Aber wollen wir nicht lieber von Emden durch den Dollart fahren, jenen unheimlichen Meerbusen, welcher wie eine Riesescylla an die vierzig Dörfer verschluckt haben soll?

Oder bequemer noch: wir fahren mit der Omnibusgelegenheit von Emden nach Norden und Norddeich. Dort harrt unser tagtäglich eine Ueberfahrtgelegenheit mit einem Dampfboot, welche uns nicht einmal eine Stunde, vielleicht nur eine halbe, auf der See hält.

Oder – wollen wir zu Wagen hinüber fahren?
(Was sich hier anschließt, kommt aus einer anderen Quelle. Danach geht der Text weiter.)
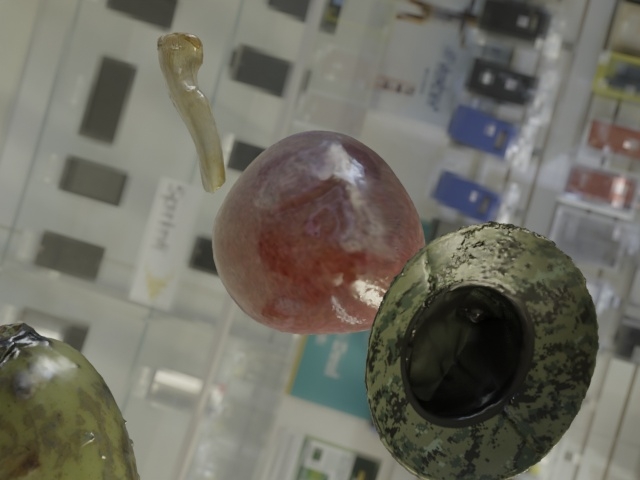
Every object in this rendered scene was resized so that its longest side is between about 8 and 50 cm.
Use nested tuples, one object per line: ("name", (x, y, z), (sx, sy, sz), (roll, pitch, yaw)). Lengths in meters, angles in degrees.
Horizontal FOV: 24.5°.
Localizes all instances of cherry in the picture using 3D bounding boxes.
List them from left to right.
("cherry", (0.000, 0.000, 1.839), (0.261, 0.307, 0.221), (-49, 149, -4))

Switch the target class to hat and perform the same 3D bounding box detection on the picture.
("hat", (0.134, 0.112, 1.449), (0.128, 0.265, 0.266), (-6, -117, 66))

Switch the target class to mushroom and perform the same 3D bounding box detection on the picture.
("mushroom", (-0.144, -0.148, 1.715), (0.059, 0.054, 0.202), (108, -34, -74))

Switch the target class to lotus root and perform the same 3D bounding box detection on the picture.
("lotus root", (-0.214, 0.214, 1.116), (0.173, 0.173, 0.309), (-27, 107, -69))
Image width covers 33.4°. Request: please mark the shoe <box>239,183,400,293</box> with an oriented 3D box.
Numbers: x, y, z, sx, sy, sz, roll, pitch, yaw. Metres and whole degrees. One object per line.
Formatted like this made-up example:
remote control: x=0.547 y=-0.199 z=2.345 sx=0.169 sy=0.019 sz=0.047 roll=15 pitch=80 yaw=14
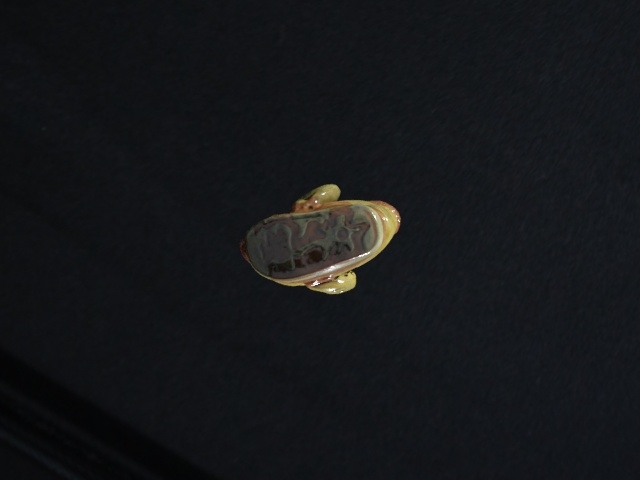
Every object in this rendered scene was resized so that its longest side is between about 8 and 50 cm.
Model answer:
shoe: x=0.003 y=0.002 z=0.732 sx=0.109 sy=0.069 sz=0.072 roll=-33 pitch=-97 yaw=28
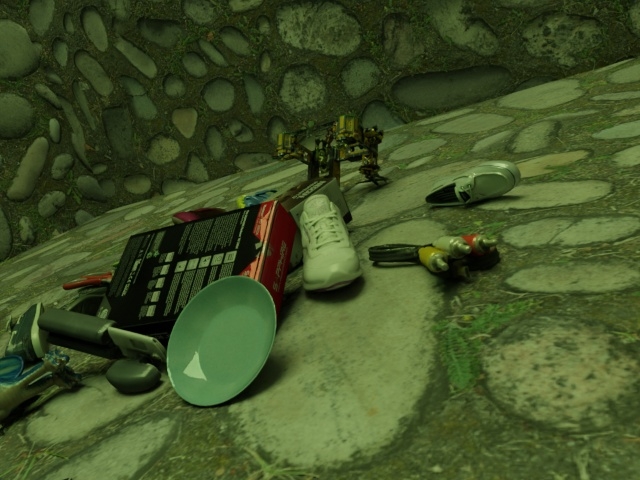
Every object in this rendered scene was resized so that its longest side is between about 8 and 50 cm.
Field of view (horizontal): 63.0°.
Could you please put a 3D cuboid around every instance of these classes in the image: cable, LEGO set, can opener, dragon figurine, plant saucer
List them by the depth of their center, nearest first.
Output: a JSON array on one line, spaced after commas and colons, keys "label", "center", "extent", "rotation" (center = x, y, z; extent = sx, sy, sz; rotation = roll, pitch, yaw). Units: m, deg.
[{"label": "plant saucer", "center": [-0.138, 0.147, 0.762], "extent": [0.195, 0.037, 0.194], "rotation": [-16, 55, 24]}, {"label": "can opener", "center": [-0.377, 0.182, 0.877], "extent": [0.284, 0.075, 0.095], "rotation": [6, 39, 24]}, {"label": "cable", "center": [0.187, 0.009, 0.893], "extent": [0.140, 0.072, 0.287], "rotation": [-19, 15, -19]}, {"label": "dragon figurine", "center": [-0.556, 0.260, 0.910], "extent": [0.289, 0.085, 0.144], "rotation": [-12, 18, 24]}, {"label": "LEGO set", "center": [0.026, -0.219, 1.555], "extent": [0.332, 0.191, 0.255], "rotation": [-5, -16, 26]}]

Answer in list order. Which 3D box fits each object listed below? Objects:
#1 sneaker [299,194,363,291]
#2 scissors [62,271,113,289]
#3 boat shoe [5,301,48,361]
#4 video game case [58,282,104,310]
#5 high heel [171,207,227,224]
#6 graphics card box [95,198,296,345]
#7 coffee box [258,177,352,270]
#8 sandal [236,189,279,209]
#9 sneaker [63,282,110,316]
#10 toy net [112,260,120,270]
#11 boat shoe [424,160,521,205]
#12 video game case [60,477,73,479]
[{"label": "sneaker", "center": [0.000, 0.000, 0.998], "extent": [0.114, 0.152, 0.305], "rotation": [-18, 17, 0]}, {"label": "scissors", "center": [-0.504, 0.090, 1.253], "extent": [0.297, 0.021, 0.109], "rotation": [-8, 9, 33]}, {"label": "boat shoe", "center": [-0.673, 0.212, 1.199], "extent": [0.079, 0.095, 0.254], "rotation": [-14, 22, -22]}, {"label": "video game case", "center": [-0.617, 0.151, 1.453], "extent": [0.173, 0.022, 0.190], "rotation": [-12, 18, 22]}, {"label": "high heel", "center": [-0.351, -0.066, 1.602], "extent": [0.181, 0.127, 0.377], "rotation": [-35, 12, -15]}, {"label": "graphics card box", "center": [-0.234, 0.071, 0.968], "extent": [0.371, 0.094, 0.232], "rotation": [-11, 51, 25]}, {"label": "coffee box", "center": [-0.090, -0.024, 1.196], "extent": [0.168, 0.118, 0.297], "rotation": [1, 31, 47]}, {"label": "sandal", "center": [-0.172, -0.094, 1.571], "extent": [0.138, 0.126, 0.317], "rotation": [-16, 17, -1]}, {"label": "sneaker", "center": [-0.543, 0.160, 1.230], "extent": [0.130, 0.087, 0.227], "rotation": [-16, 13, 20]}, {"label": "toy net", "center": [-0.412, 0.035, 1.348], "extent": [0.232, 0.045, 0.122], "rotation": [-25, 7, -31]}, {"label": "boat shoe", "center": [0.325, -0.109, 1.136], "extent": [0.076, 0.083, 0.226], "rotation": [-43, 14, -29]}, {"label": "video game case", "center": [-0.378, 0.346, 0.498], "extent": [0.232, 0.041, 0.210], "rotation": [-19, 16, 1]}]
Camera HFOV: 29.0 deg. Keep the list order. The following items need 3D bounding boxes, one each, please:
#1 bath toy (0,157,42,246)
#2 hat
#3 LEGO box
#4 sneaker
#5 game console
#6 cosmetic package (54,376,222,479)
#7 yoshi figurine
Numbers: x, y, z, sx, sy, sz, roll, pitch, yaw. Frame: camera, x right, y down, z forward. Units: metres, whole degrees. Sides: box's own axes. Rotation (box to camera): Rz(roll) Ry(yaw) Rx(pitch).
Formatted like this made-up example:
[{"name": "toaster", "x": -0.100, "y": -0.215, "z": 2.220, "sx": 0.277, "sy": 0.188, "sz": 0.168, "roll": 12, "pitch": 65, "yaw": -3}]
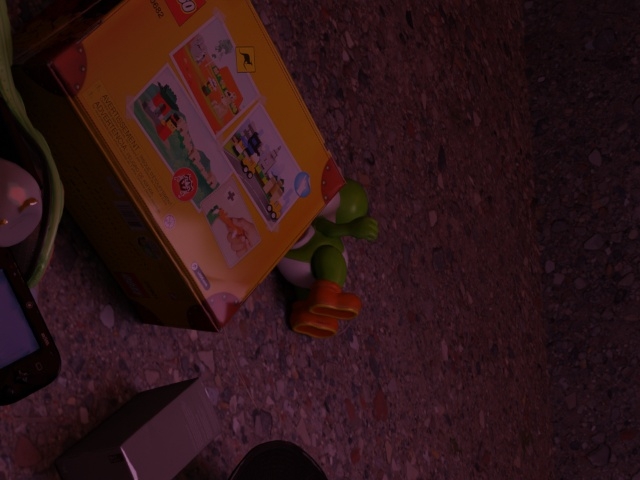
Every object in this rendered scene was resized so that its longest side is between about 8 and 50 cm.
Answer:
[{"name": "bath toy", "x": -0.483, "y": 0.002, "z": 1.397, "sx": 0.348, "sy": 0.151, "sz": 0.129, "roll": -35, "pitch": 73, "yaw": -24}, {"name": "hat", "x": -0.123, "y": 0.475, "z": 1.956, "sx": 0.331, "sy": 0.134, "sz": 0.331, "roll": -3, "pitch": 95, "yaw": -49}, {"name": "LEGO box", "x": -0.222, "y": -0.168, "z": 1.893, "sx": 0.372, "sy": 0.193, "sz": 0.500, "roll": -50, "pitch": 125, "yaw": -33}, {"name": "sneaker", "x": -0.484, "y": -0.152, "z": 1.616, "sx": 0.202, "sy": 0.185, "sz": 0.483, "roll": -19, "pitch": 91, "yaw": -43}, {"name": "game console", "x": -0.416, "y": 0.019, "z": 1.513, "sx": 0.213, "sy": 0.044, "sz": 0.361, "roll": -26, "pitch": 99, "yaw": -22}, {"name": "cosmetic package", "x": -0.260, "y": 0.298, "z": 1.803, "sx": 0.238, "sy": 0.127, "sz": 0.107, "roll": -42, "pitch": 113, "yaw": -57}, {"name": "yoshi figurine", "x": 0.028, "y": 0.002, "z": 2.420, "sx": 0.203, "sy": 0.203, "sz": 0.362, "roll": 57, "pitch": 27, "yaw": -60}]
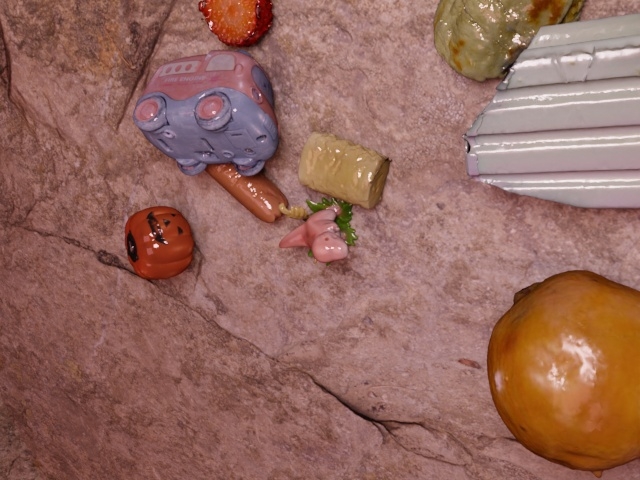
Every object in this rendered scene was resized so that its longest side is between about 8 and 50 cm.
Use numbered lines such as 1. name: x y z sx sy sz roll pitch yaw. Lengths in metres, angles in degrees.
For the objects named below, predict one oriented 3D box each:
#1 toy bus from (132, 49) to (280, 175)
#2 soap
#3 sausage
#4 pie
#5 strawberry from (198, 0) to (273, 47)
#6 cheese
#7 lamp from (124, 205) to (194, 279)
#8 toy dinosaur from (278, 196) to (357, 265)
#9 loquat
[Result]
1. toy bus: -0.219 -0.276 1.200 0.294 0.232 0.197 1 156 21
2. soap: 0.440 -0.185 0.860 0.446 0.156 0.261 -1 128 25
3. sausage: -0.190 -0.150 1.327 0.289 0.086 0.086 41 127 7
4. pie: 0.295 -0.362 0.937 0.201 0.090 0.248 42 130 2
5. strawberry: -0.159 -0.451 1.162 0.145 0.086 0.145 13 120 23
6. cheese: 0.045 -0.140 1.188 0.167 0.094 0.123 23 124 20
7. lamp: -0.396 0.005 1.481 0.187 0.164 0.188 20 115 48
8. toy dinosaur: -0.001 0.006 1.235 0.194 0.177 0.152 12 117 28
9. loquat: 0.437 0.215 0.992 0.328 0.328 0.328 13 119 25
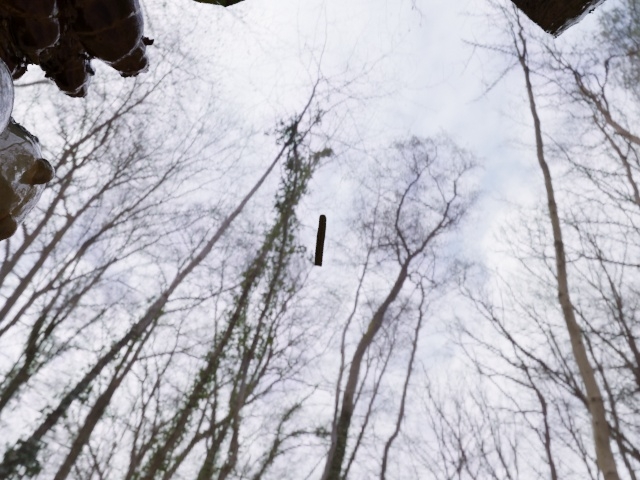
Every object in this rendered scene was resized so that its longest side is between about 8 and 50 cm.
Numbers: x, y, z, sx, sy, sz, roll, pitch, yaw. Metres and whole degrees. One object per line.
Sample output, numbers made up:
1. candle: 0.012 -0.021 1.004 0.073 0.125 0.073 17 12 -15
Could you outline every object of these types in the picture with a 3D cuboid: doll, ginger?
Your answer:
1. doll: -0.587 -0.133 0.903 0.349 0.247 0.247 35 -55 -22
2. ginger: -0.450 -0.395 1.085 0.152 0.357 0.274 22 -80 37

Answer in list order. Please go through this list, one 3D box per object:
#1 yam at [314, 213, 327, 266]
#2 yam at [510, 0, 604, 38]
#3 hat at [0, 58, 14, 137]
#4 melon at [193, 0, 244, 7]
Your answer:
1. yam: 0.000 0.000 1.345 0.021 0.021 0.116 5 -94 6
2. yam: 0.211 -0.241 0.478 0.183 0.107 0.107 -38 -66 15
3. hat: -0.302 -0.088 0.517 0.067 0.146 0.146 38 -51 15
4. melon: -0.166 -0.332 0.686 0.209 0.064 0.118 22 -35 28
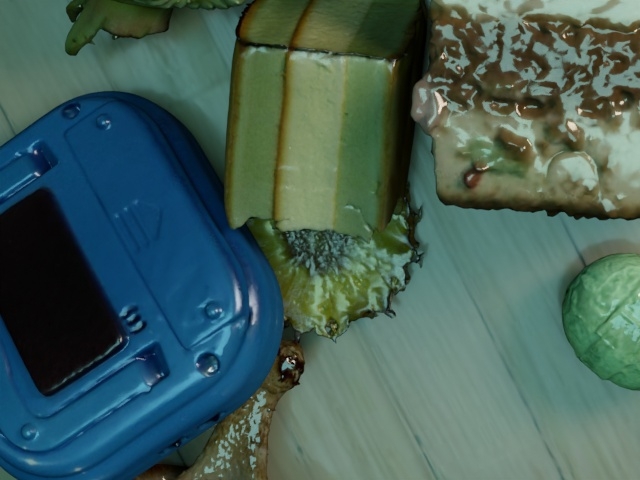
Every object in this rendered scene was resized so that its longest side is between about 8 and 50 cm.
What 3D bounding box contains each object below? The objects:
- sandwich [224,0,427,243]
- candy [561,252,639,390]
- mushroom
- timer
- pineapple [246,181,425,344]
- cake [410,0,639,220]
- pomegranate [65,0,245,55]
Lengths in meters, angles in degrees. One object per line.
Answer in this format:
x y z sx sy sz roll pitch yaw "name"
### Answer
0.008 -0.119 1.397 0.155 0.227 0.198 8 118 9 "sandwich"
0.400 0.173 1.378 0.440 0.119 0.119 40 100 10 "candy"
-0.083 0.191 1.460 0.227 0.148 0.217 13 94 -4 "mushroom"
-0.215 0.045 1.424 0.309 0.115 0.340 -34 70 9 "timer"
0.000 0.000 1.474 0.221 0.047 0.221 1 95 11 "pineapple"
0.223 -0.174 1.313 0.256 0.282 0.290 6 101 14 "cake"
-0.141 -0.301 1.363 0.260 0.260 0.340 38 125 2 "pomegranate"
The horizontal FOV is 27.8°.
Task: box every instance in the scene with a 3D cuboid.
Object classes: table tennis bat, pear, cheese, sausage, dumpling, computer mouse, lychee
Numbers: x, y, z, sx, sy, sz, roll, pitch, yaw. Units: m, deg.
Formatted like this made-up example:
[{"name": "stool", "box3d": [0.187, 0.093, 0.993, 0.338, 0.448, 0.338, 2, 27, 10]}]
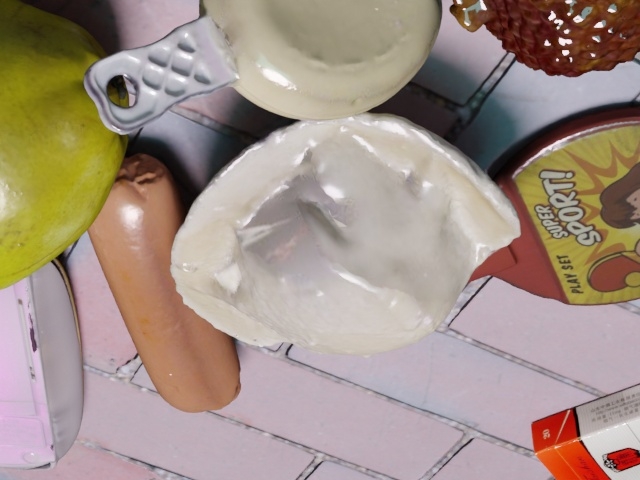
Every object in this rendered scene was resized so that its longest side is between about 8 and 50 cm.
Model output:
[{"name": "table tennis bat", "box3d": [0.205, -0.012, 1.078, 0.310, 0.038, 0.200, -20, 128, 16]}, {"name": "pear", "box3d": [-0.262, -0.066, 0.934, 0.269, 0.212, 0.212, -22, 129, 13]}, {"name": "cheese", "box3d": [-0.029, -0.126, 0.867, 0.163, 0.249, 0.071, 45, 154, -13]}, {"name": "sausage", "box3d": [-0.134, 0.043, 1.111, 0.086, 0.086, 0.289, -6, 131, 9]}, {"name": "dumpling", "box3d": [0.003, 0.003, 0.992, 0.243, 0.175, 0.227, -48, 132, 5]}, {"name": "computer mouse", "box3d": [-0.302, 0.097, 1.178, 0.158, 0.072, 0.310, 4, 133, 2]}, {"name": "lychee", "box3d": [0.152, -0.199, 0.808, 0.194, 0.194, 0.194, 2, 133, 2]}]

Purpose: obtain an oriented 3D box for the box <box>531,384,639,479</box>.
[{"name": "box", "box3d": [0.296, 0.196, 1.260, 0.152, 0.048, 0.100, -23, 126, 25]}]
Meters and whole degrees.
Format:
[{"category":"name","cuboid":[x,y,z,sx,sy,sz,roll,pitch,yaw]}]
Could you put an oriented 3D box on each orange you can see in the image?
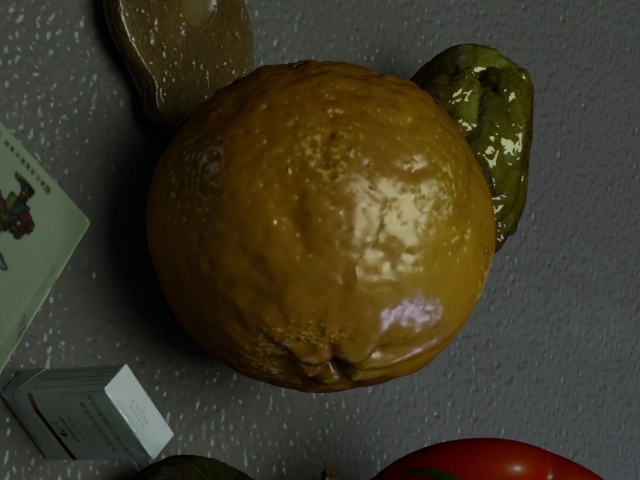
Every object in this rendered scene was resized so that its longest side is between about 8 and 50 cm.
[{"category":"orange","cuboid":[0.000,0.000,1.579,0.340,0.340,0.293,33,46,-41]}]

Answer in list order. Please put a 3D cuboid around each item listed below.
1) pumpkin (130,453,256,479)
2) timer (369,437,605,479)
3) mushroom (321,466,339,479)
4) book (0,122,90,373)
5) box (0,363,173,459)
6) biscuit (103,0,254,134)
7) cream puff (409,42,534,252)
[{"category":"pumpkin","cuboid":[-0.101,0.316,1.546,0.219,0.162,0.219,19,65,-47]},{"category":"timer","cuboid":[0.170,0.391,1.637,0.279,0.378,0.378,101,14,-54]},{"category":"mushroom","cuboid":[-0.021,0.291,1.700,0.088,0.073,0.129,32,91,-19]},{"category":"book","cuboid":[-0.359,0.034,1.391,0.260,0.043,0.371,50,49,-31]},{"category":"box","cuboid":[-0.210,0.155,1.452,0.040,0.154,0.084,-52,120,-36]},{"category":"biscuit","cuboid":[-0.148,-0.215,1.672,0.181,0.049,0.208,-45,117,-43]},{"category":"cream puff","cuboid":[0.167,-0.103,1.899,0.196,0.244,0.244,30,56,-6]}]
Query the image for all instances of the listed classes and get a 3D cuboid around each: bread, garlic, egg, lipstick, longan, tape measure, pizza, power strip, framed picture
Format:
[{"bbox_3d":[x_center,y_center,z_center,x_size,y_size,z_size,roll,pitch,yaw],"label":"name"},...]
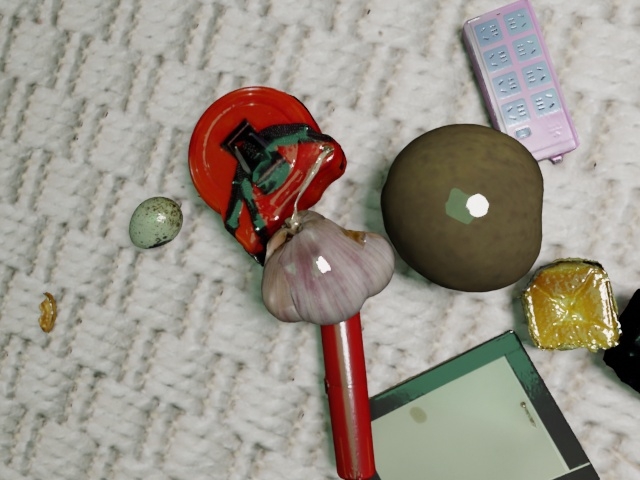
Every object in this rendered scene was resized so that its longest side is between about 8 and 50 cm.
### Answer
[{"bbox_3d":[0.369,0.098,0.681,0.128,0.069,0.140,-13,76,23],"label":"bread"},{"bbox_3d":[0.000,0.000,0.711,0.207,0.207,0.256,-4,87,11],"label":"garlic"},{"bbox_3d":[-0.300,-0.030,0.822,0.085,0.085,0.110,43,99,10],"label":"egg"},{"bbox_3d":[0.043,0.239,0.741,0.073,0.073,0.279,-8,80,11],"label":"lipstick"},{"bbox_3d":[0.211,-0.046,0.658,0.249,0.248,0.247,0,88,11],"label":"longan"},{"bbox_3d":[-0.104,-0.127,0.773,0.260,0.114,0.253,44,95,10],"label":"tape measure"},{"bbox_3d":[-0.540,0.143,0.898,0.037,0.016,0.083,2,92,10],"label":"pizza"},{"bbox_3d":[0.320,-0.251,0.734,0.109,0.037,0.278,-17,84,9],"label":"power strip"},{"bbox_3d":[0.224,0.338,0.740,0.347,0.016,0.264,-30,82,9],"label":"framed picture"}]

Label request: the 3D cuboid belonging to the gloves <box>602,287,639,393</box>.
[{"bbox_3d":[0.558,0.188,0.626,0.301,0.152,0.197,13,115,-2],"label":"gloves"}]
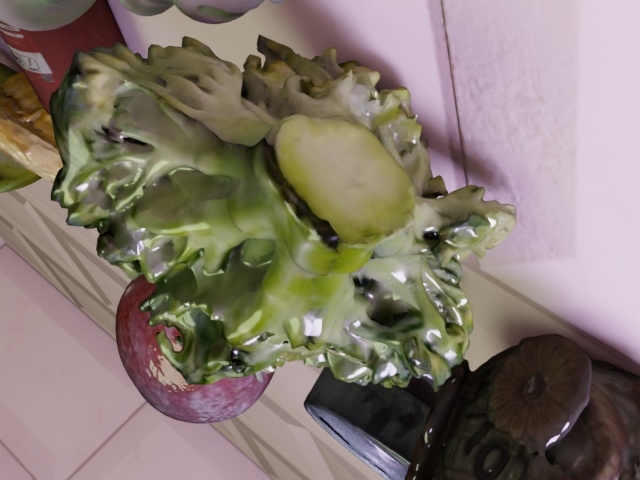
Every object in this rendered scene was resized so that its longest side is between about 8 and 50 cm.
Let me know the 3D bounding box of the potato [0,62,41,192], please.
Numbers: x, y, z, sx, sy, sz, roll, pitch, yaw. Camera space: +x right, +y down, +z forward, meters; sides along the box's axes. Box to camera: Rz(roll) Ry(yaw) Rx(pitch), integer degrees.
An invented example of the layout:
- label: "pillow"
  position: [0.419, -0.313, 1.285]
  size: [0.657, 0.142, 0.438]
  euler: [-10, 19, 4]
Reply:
- label: "potato"
  position: [-0.514, -0.170, 1.316]
  size: [0.304, 0.216, 0.216]
  euler: [9, 155, 5]

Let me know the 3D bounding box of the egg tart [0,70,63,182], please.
- label: "egg tart"
  position: [-0.254, -0.113, 1.047]
  size: [0.290, 0.107, 0.291]
  euler: [32, -173, -4]

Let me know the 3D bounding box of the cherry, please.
- label: "cherry"
  position: [-0.168, 0.134, 1.272]
  size: [0.236, 0.213, 0.285]
  euler: [41, 154, -15]

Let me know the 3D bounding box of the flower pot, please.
- label: "flower pot"
  position: [0.181, 0.220, 0.695]
  size: [0.302, 0.213, 0.302]
  euler: [39, 162, 16]

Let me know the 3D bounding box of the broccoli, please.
- label: "broccoli"
  position: [-0.015, -0.032, 0.575]
  size: [0.288, 0.248, 0.245]
  euler: [4, 166, -22]

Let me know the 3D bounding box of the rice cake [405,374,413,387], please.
- label: "rice cake"
  position: [0.028, 0.112, 1.069]
  size: [0.085, 0.040, 0.226]
  euler: [53, 160, -24]

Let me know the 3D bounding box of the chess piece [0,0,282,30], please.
- label: "chess piece"
  position: [-0.131, -0.197, 0.646]
  size: [0.271, 0.139, 0.139]
  euler: [21, 152, 31]

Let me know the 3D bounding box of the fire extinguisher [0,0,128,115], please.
- label: "fire extinguisher"
  position: [-0.268, -0.229, 0.804]
  size: [0.106, 0.147, 0.337]
  euler: [22, 155, 22]

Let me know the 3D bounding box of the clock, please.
- label: "clock"
  position: [0.120, 0.254, 1.073]
  size: [0.319, 0.066, 0.319]
  euler: [35, 165, 11]

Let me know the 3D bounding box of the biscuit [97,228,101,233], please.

Das ist eine einzige Fahrt. Von Norddeich geht es auf dem steinernen Damm hin nach dem Hilgenrieder Siel, durch von der Ebbe bloßgelegten Sand, durch Seewasser sogar, das bis über die Räder reicht und unheimlich und nervenerschütternd an den Wagenschlag plätschert, eine Viertelstunde lang, vielleicht eine ganze Stunde und mehr. Die Postpferde machen das so ruhig ab, als stammten sie aus dem Marstall des Heidengottes Neptun, und es giebt Leute genug, für welche das Gruseln zu den Reizen des Lebens gehört und die sich darum eine solche Fahrt loben werden. Indeß wir sind Landratten, welche gern etwas Langeweile in Kauf nehmen, wenn sie sich recht lange „auf See“ fühlen können, eine Bezeichnung, welche freilich für das Wattemeer eine Schmeichelei bedeutet. Zudem ist der Bremer Dampfer so comfortable –

Das ist Norderney.

[645] Am Horizont hebt sich eine Insel heraus, ein paar stattliche Gebäude, eine lange Straße niedriger Häuser, ein Landungsdamm, der sich weit in das Wasser hinein erstreckt: die Glocke läutet – wir sind da, verlassen das Schiff und besteigen einen der Wagen, welche bereit stehen, uns zum Conversationshause, dem Curhause von Norderney zu fahren. Neugierige Augen von Kurgästen, denen die Ankunft des Dampfers zu den Zerstreuungen des Badelebens gehört, wie die täglichen Concerte oder ein Feuerwerk, empfangen uns.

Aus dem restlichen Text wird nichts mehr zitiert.